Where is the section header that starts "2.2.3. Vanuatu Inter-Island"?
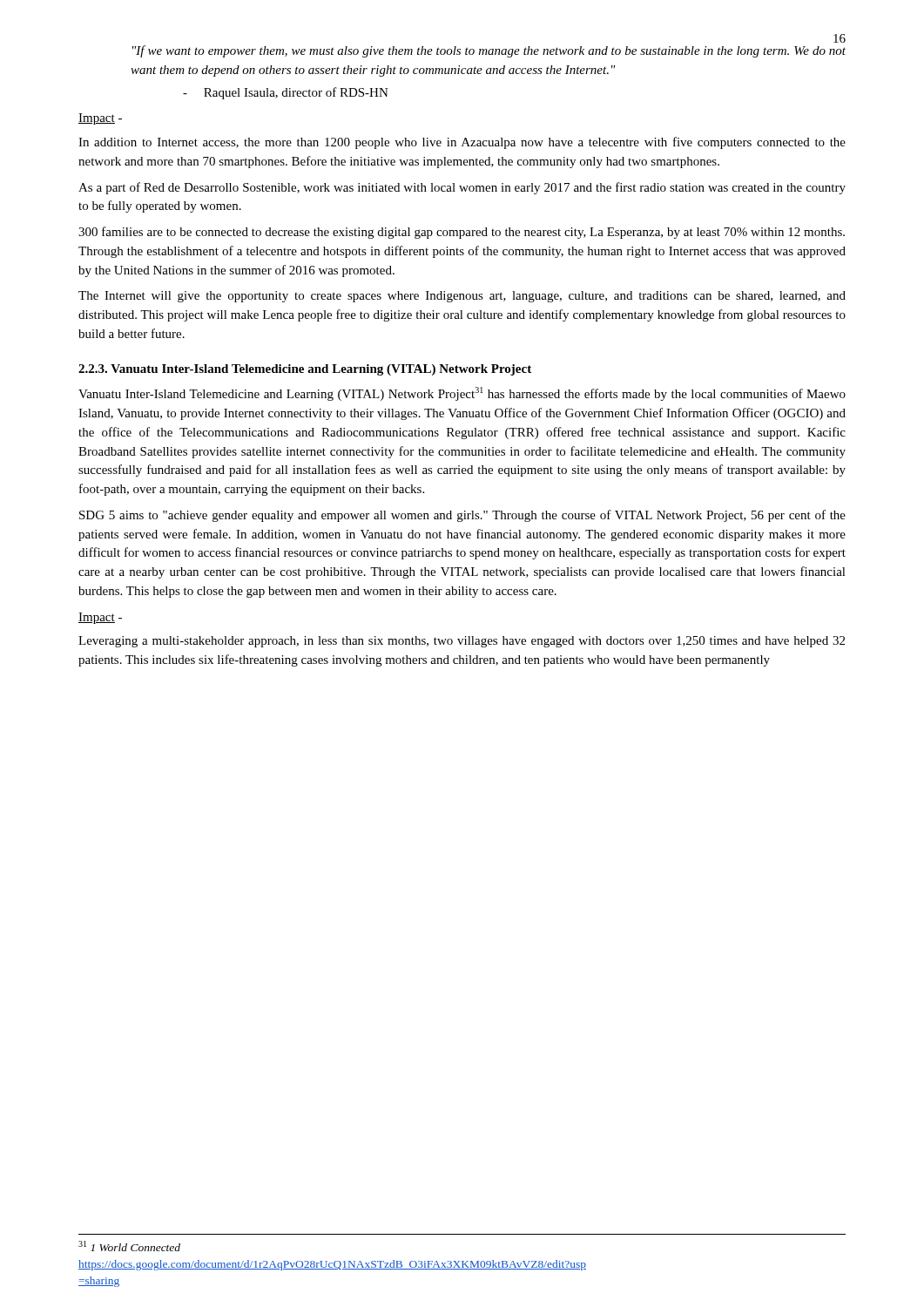(305, 368)
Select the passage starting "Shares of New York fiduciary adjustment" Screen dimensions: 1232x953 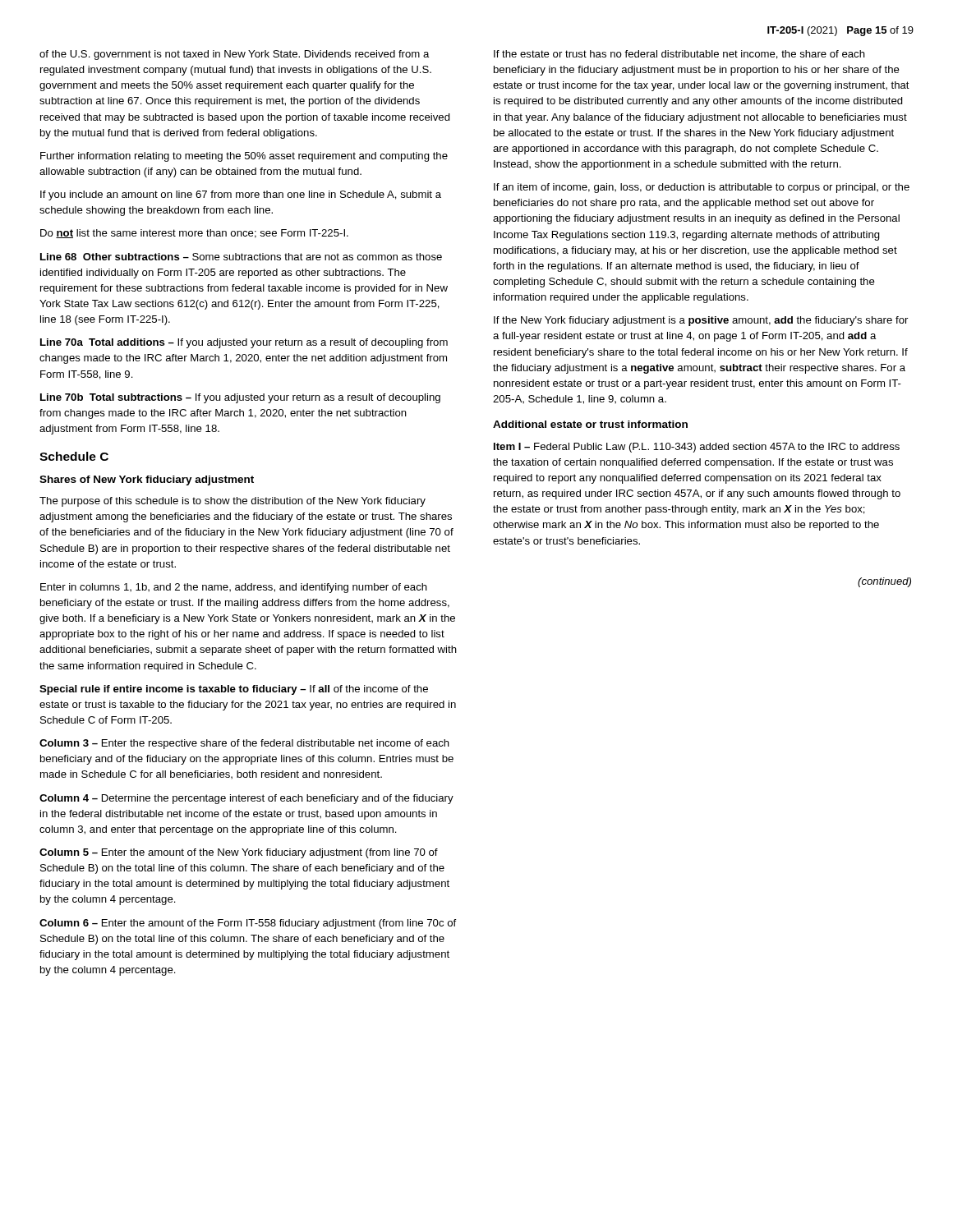point(147,479)
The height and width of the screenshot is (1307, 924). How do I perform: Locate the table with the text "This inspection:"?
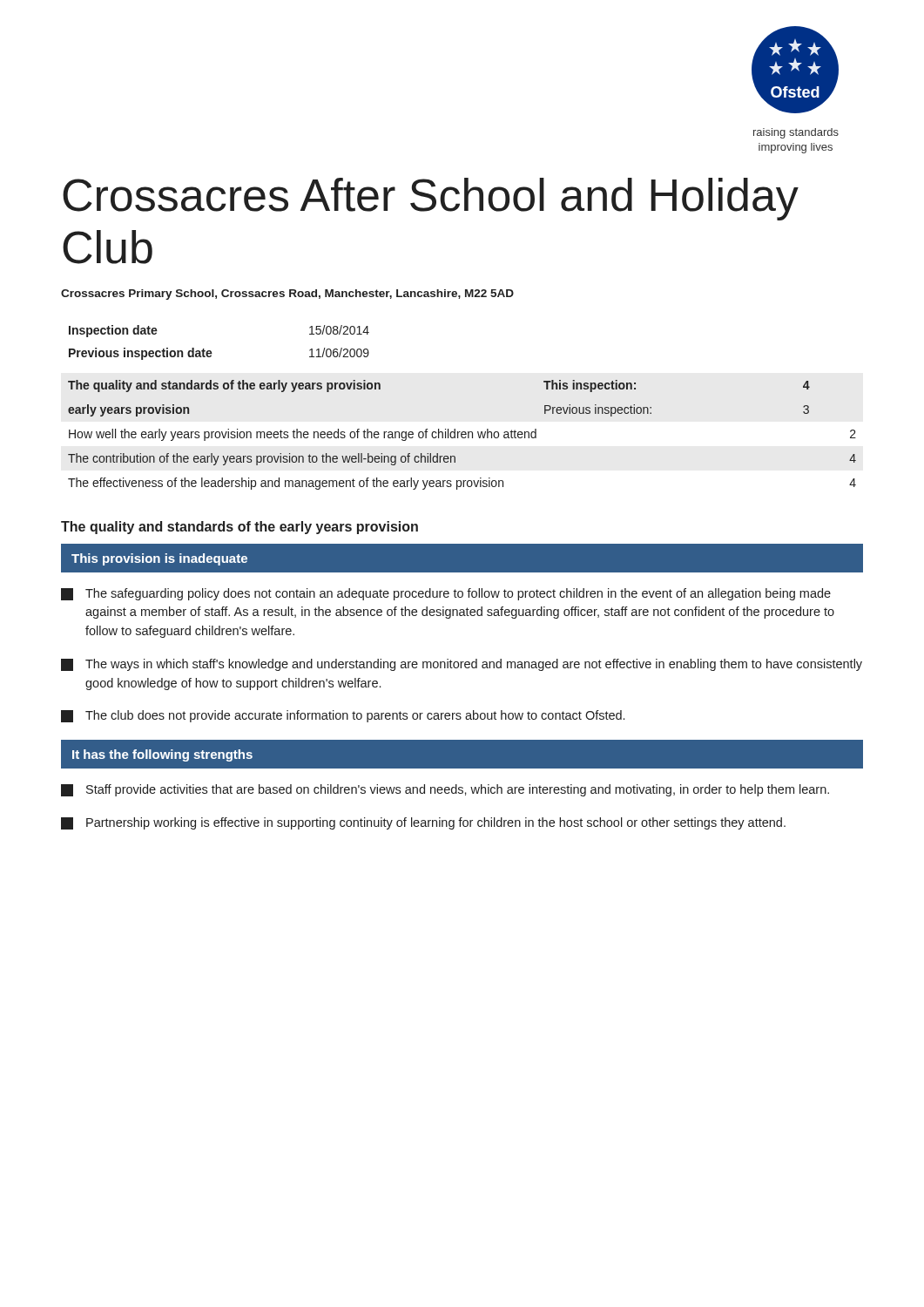pyautogui.click(x=462, y=434)
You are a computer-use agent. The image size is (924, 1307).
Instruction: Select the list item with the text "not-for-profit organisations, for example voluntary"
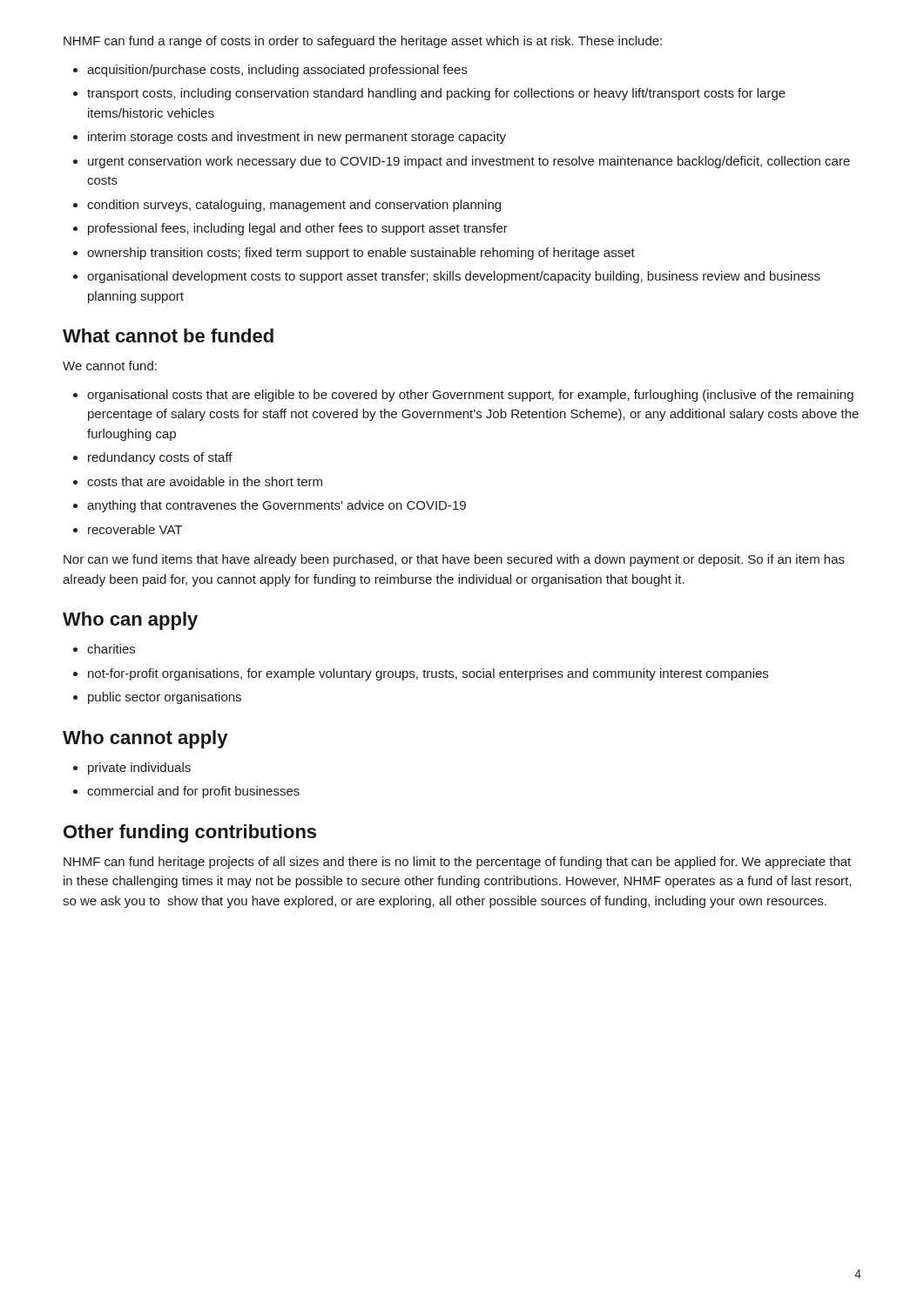[x=428, y=673]
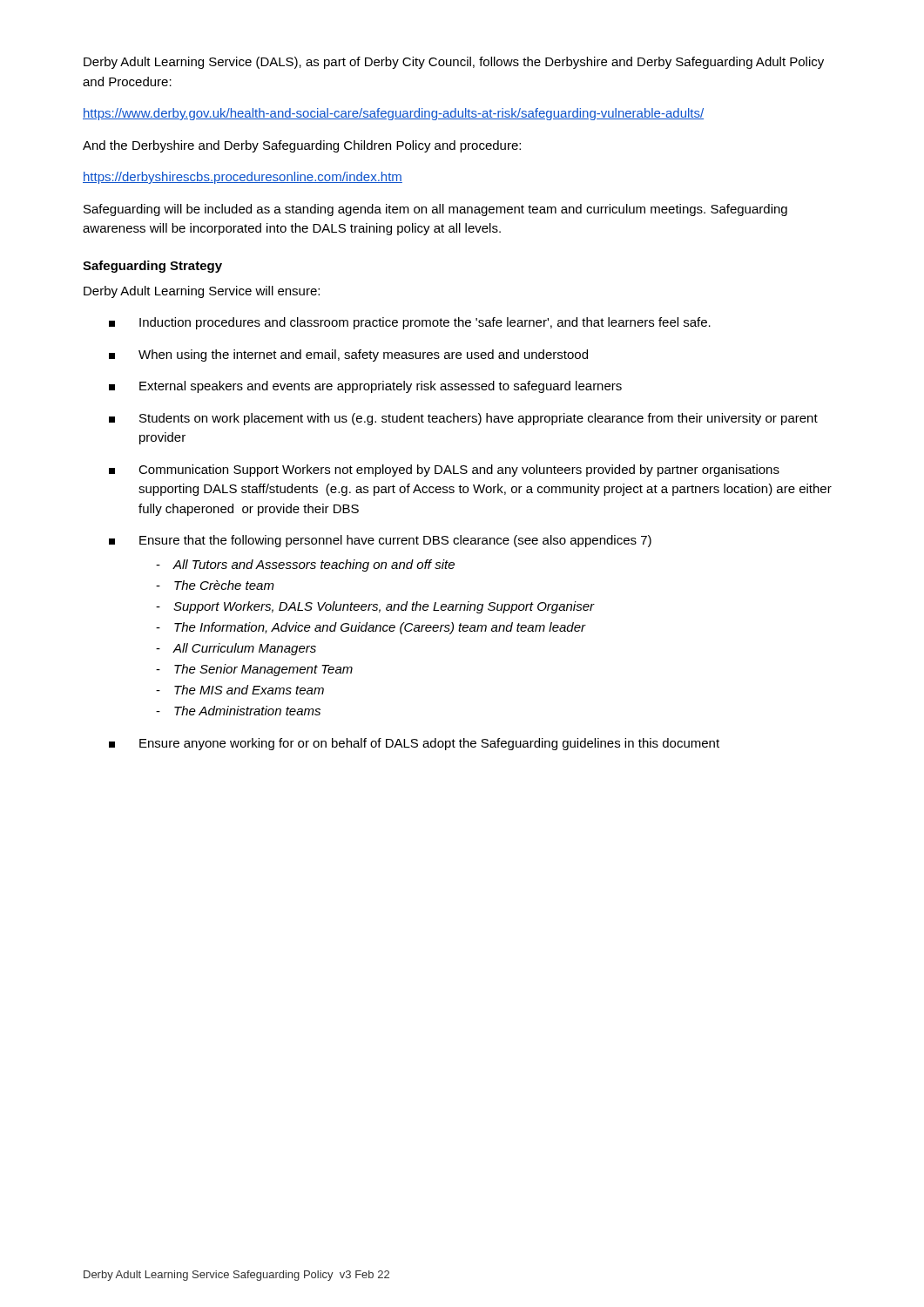Image resolution: width=924 pixels, height=1307 pixels.
Task: Point to the block beginning "Derby Adult Learning Service will"
Action: [202, 290]

- _WHAT THE EXERCISE ASKS_
The required output is an exact copy of the lines from the one with "Instruction: Select the" through the final line of the data above, with pictures removed.

- _RESPONSE_
Instruction: Select the list item with the text "not-for-profit organisations, for example voluntary"
[x=428, y=673]
Image resolution: width=924 pixels, height=1307 pixels.
Task: Point to the block beginning "Derby Adult Learning Service will"
Action: [202, 290]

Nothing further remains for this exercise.